Demand-driven technical assistance and capacity development: We will continue to provide robust and flexible technical assistance (TA) and capacity development (CD) to key justice actors, including state institutions, such as the Judiciary, legal aid organizations (LAOs) and civil-society that represent marginalized groups. Project staff will maintain sustained communication with local partners in order to efficiently provide advice, design TA and CD packages, and foster constructive peer exchange.

SubgrantsWe will remain focused on putting resources into the hands of justice actors and engage in expanding justice access and strengthening justice services. While providing primary grants to organizations in BRA, SWS, and for the time being in Somaliland, we will make substantial use of flexible small grants to test and scale interventions based on learning, particularly in early recovery areas.

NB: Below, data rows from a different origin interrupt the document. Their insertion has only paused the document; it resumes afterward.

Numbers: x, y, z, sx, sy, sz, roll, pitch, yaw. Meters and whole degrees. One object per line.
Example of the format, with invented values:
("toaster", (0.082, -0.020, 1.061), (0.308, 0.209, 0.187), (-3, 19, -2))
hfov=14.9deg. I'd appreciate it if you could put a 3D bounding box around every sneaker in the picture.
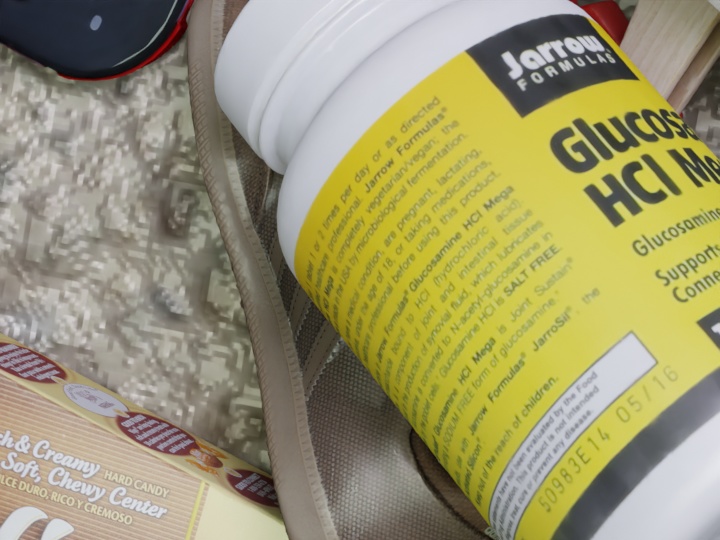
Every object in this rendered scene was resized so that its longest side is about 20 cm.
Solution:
("sneaker", (0.000, 0.000, 0.856), (0.075, 0.070, 0.201), (-15, 74, 7))

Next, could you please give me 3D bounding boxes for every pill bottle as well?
("pill bottle", (0.049, -0.003, 0.759), (0.112, 0.112, 0.200), (-43, 67, 10))

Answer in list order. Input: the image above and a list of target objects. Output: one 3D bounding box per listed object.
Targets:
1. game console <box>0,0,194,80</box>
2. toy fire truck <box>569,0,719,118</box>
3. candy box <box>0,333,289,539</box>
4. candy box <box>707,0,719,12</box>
("game console", (-0.104, -0.180, 0.897), (0.176, 0.031, 0.201), (28, 97, 8))
("toy fire truck", (0.085, -0.065, 0.823), (0.141, 0.049, 0.201), (-17, 89, 45))
("candy box", (-0.065, 0.116, 0.893), (0.199, 0.055, 0.116), (27, 98, 9))
("candy box", (0.097, -0.153, 0.707), (0.200, 0.061, 0.136), (41, 144, -15))

Strategic communication: We will place increased emphasis on strategic communication as we embrace a stabilization approach. We will deploy a multimedia strategy aimed at promoting legal awareness, driving use of justice institutions in the plural environment that promise the best outcome for the aggrieved party, and promoting community engagement in justice co-creation and service delivery improvement efforts as a corollary diverting support for al Shabab-provided justice services.

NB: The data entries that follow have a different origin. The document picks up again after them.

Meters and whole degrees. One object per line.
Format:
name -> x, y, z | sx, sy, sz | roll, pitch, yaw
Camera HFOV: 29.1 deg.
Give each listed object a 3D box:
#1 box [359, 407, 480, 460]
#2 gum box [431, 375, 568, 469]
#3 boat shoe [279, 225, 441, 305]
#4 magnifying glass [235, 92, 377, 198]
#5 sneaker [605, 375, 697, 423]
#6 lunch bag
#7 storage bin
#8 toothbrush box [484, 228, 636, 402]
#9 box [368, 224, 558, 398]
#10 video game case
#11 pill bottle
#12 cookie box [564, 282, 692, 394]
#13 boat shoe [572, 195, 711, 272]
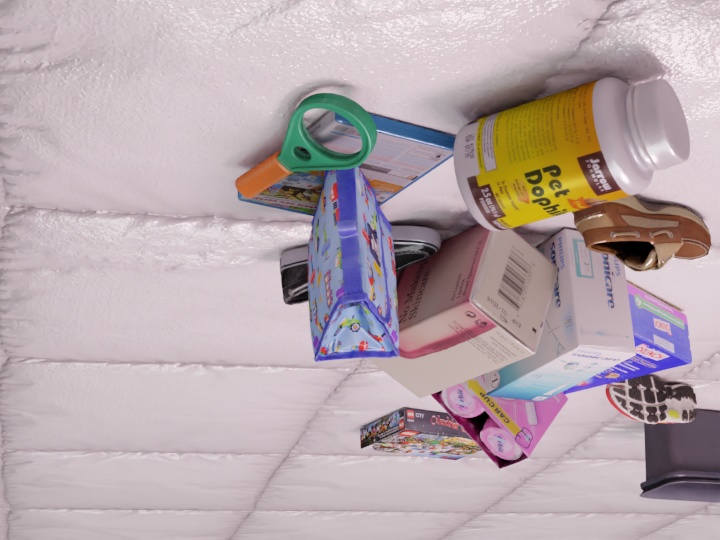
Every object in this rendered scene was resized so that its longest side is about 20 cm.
box -> 0.118, 0.277, 2.330 | 0.199, 0.038, 0.137 | 11, 155, -30
gum box -> 0.156, 0.137, 1.762 | 0.200, 0.114, 0.066 | 47, 142, -6
boat shoe -> -0.001, -0.001, 1.578 | 0.199, 0.068, 0.074 | -10, 158, 17
magnifying glass -> -0.058, -0.112, 1.321 | 0.080, 0.022, 0.200 | 41, 141, -18
sneaker -> 0.438, 0.210, 2.153 | 0.200, 0.077, 0.085 | 17, 156, -39
lunch bag -> -0.013, -0.011, 1.392 | 0.094, 0.151, 0.200 | -3, 159, 2
storage bin -> 0.564, 0.311, 2.337 | 0.199, 0.135, 0.146 | 8, 156, -22
toothbrush box -> 0.228, 0.057, 1.646 | 0.085, 0.147, 0.200 | 8, 157, -26
box -> 0.110, 0.045, 1.590 | 0.109, 0.128, 0.200 | 38, 141, -23
video game case -> -0.015, -0.101, 1.395 | 0.143, 0.018, 0.200 | 10, 155, -31
pill bottle -> 0.193, -0.110, 1.272 | 0.200, 0.110, 0.109 | -16, 155, 30
cookie box -> 0.310, 0.093, 1.839 | 0.200, 0.075, 0.171 | -18, 152, 35
boat shoe -> 0.307, -0.033, 1.523 | 0.200, 0.074, 0.076 | 13, 154, -34

Research and analysis: We will focus on generating practical research and contextual analysis that cultivate tight feedback loops and support project decision making. This will mean conducting rapid assessments of local needs and opportunities as the project enters new communities. It will also involve continuing everyday Applied Political Economy Analysis (APEA) led by deployed research sentinels.

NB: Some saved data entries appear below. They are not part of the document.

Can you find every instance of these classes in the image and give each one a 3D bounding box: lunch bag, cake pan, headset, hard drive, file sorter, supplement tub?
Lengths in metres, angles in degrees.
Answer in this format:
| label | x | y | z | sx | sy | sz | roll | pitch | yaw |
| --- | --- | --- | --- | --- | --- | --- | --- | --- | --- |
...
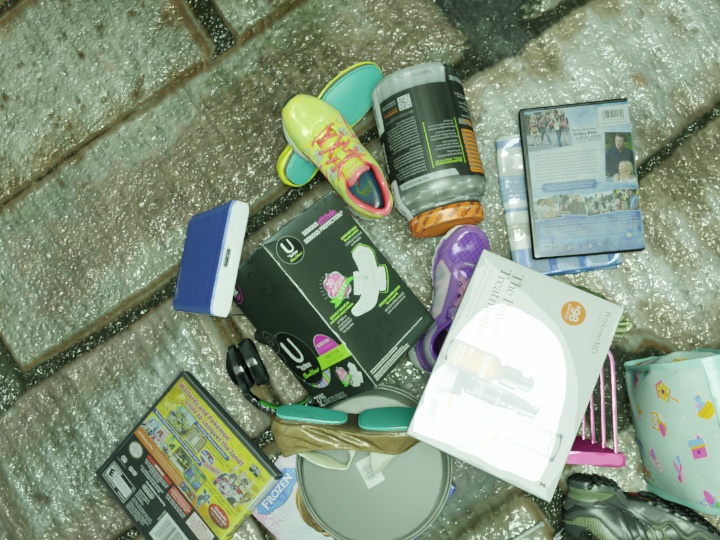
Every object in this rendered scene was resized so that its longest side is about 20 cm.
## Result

In adopting a stabilization approach, the EAJ team understands that programmatic success depends on a sound operational approach. We are substantially retooling our delivery structure to ensure context-driven implementation, particularly in early recovery areas, and effective integration of project components. Key elements of our operational approach will include:

  • Establishment of an operational center in Mogadishu: We will establish a nerve center in Mogadishu and a satellite operational center in Baidoa. While some key back-end support functions will continue to sit in Nairobi, the majority of technical staff will be based in Mogadishu, with linkages to a field office in SWS. The operational center will allow for real-time justice advice to aggrieved parties, particularly in early recovery areas, which will consist of formal legal and shari’ah expertise. Its staff will liaise closely with partners and researchers that have in-depth socio-political understanding of the respective localities and ensure that their justice advice is relevant in particular localities.
  • Organization around service units: EAJ was previously organized around ‘components,’ which aligned with the original project objectives. In order to foster a more integrated approach, the project team will be organized around ‘service units’, including research and analysis, capacity development, technical legal support, and grants services , which contribute across all project objectives.
  • Security approachEAJ’s safety-first approach is directed by its Safety Plans and linked to Pact Inc.’s global security mechanism. EAJ will combine the use of in-house security, and extend the contracting of its current security firm, Vates Corp, to provide office and travel security in its work in BRA and SWS. Safety assessments will be undertaken during all operational center meetings to inform all program decision-making.
  • Harm mitigation: Despite our robust security approach, deploying a stabilization approach presents key programmatic risks. In operating in early recovery areas, we will necessarily forfeit some of our autonomy as we operate within an environment at least initially under the control of the Ministry of Interior and Federal Affairs-led recovery groups and security forces. In an environment marked by complex and often hidden conflict dynamics, we recognize that information will likely be imperfect. However, we will maintain a protection and harm mitigation strategy. This will include rigorous contextual analysis of the respective localities in order to understand underpinning political economies, conflict dynamics, and potential dynamics of corruption.